– Ты была прекрасна! – воскликнула Эви некоторое время спустя, когда они вчетвером: Эви, Мэйбел, Тета и Генри – шагали вдоль по узкой Бэдфорд-стрит в районе Гринвич-Виллидж. Они направлялись на вечеринку, которую устраивала одна из танцовщиц.
– Угу. «Вторая справа» – моя основная специальность, – невозмутимым тоном согласилась Тета.
Генри нежно сжал ее руку.
– Не сдавайся, девочка, и когда-нибудь ты станешь «первой девушкой справа».
– Я действительно думаю, что ты просто умопомрачительна, – поддержала его Эви. – Мы с Мэйбел сразу же тебя заметили. Разве не так, Мэбси?
– Конечно!
– Это правда очень мило с вашей стороны. Вот мы и пришли.
Они остановились у здания из красного кирпича. Вечеринка была в самом разгаре. Совершенно пьяная девушка в шикарном боа, с длиннющей сигариллой между пальцев ногой преградила им путь.
– Пароль?
– Лонг-Айленд, – ответил Генри.
– Ты должен был ответить «Лон Гей-ленд», – поддразнила она.

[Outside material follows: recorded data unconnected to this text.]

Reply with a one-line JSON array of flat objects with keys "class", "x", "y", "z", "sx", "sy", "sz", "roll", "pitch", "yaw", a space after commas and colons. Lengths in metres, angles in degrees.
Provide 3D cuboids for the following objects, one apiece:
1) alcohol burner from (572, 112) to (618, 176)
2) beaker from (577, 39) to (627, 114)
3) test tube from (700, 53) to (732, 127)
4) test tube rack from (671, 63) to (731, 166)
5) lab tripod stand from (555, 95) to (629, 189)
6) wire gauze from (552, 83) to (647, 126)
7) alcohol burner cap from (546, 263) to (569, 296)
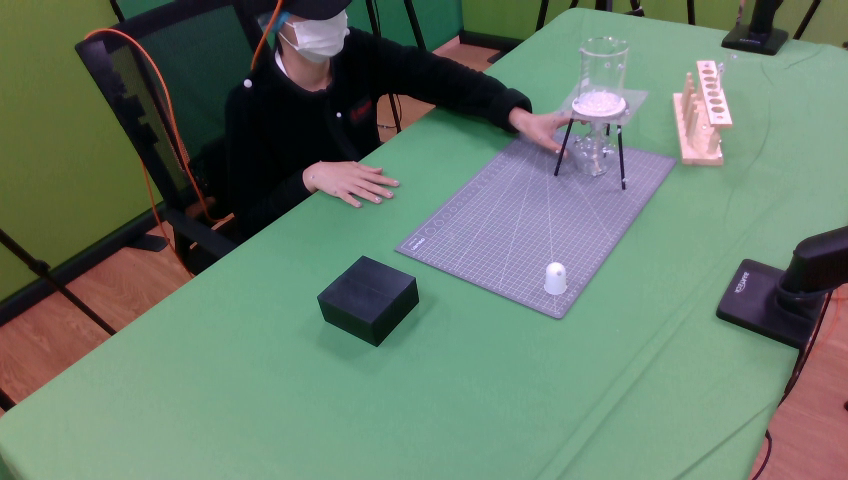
[{"class": "alcohol burner", "x": 0.301, "y": -0.173, "z": 1.058, "sx": 0.078, "sy": 0.119, "sz": 0.077, "roll": -4, "pitch": 41, "yaw": 4}, {"class": "beaker", "x": 0.286, "y": -0.264, "z": 0.976, "sx": 0.073, "sy": 0.101, "sz": 0.084, "roll": 25, "pitch": 49, "yaw": 33}, {"class": "test tube", "x": 0.521, "y": -0.265, "z": 1.081, "sx": 0.017, "sy": 0.151, "sz": 0.017, "roll": -3, "pitch": 47, "yaw": 3}, {"class": "test tube rack", "x": 0.513, "y": -0.241, "z": 1.132, "sx": 0.066, "sy": 0.085, "sz": 0.242, "roll": 4, "pitch": 41, "yaw": 14}, {"class": "lab tripod stand", "x": 0.300, "y": -0.174, "z": 1.045, "sx": 0.148, "sy": 0.132, "sz": 0.147, "roll": -5, "pitch": 38, "yaw": 5}, {"class": "wire gauze", "x": 0.293, "y": -0.224, "z": 1.004, "sx": 0.120, "sy": 0.011, "sz": 0.125, "roll": 19, "pitch": 43, "yaw": 26}, {"class": "alcohol burner cap", "x": 0.191, "y": 0.053, "z": 0.862, "sx": 0.034, "sy": 0.048, "sz": 0.033, "roll": -5, "pitch": 40, "yaw": 4}]

– Лон Гей-ленд! – дружно прокричали они.
– Entrez![39] – Девушка со стуком уронила ногу. Они прошли в фойе и затем поднялись на три этажа вверх, по пути встречая веселые компании, примостившиеся на лестнице и на поручнях. Дверь квартиры, в которой гремела вечеринка, была открыта настежь, в коридор лились звуки джаза. Мимо пронеслась хозяйка, словно несомая невидимой волной:
– Наконец-то вы пришли!
Прямо на полу стояла лампа, и из прохода на них косился бюст Томаса Джефферсона с нахлобученной гангстерской шляпой. Кто-то пристроил его на горелку крошечной плиты в еще более крошечной кухоньке. Какой-то парень вполголоса напевал «Я покорю Манхэттен», и ему вторила компания, сидевшая прямо на полу.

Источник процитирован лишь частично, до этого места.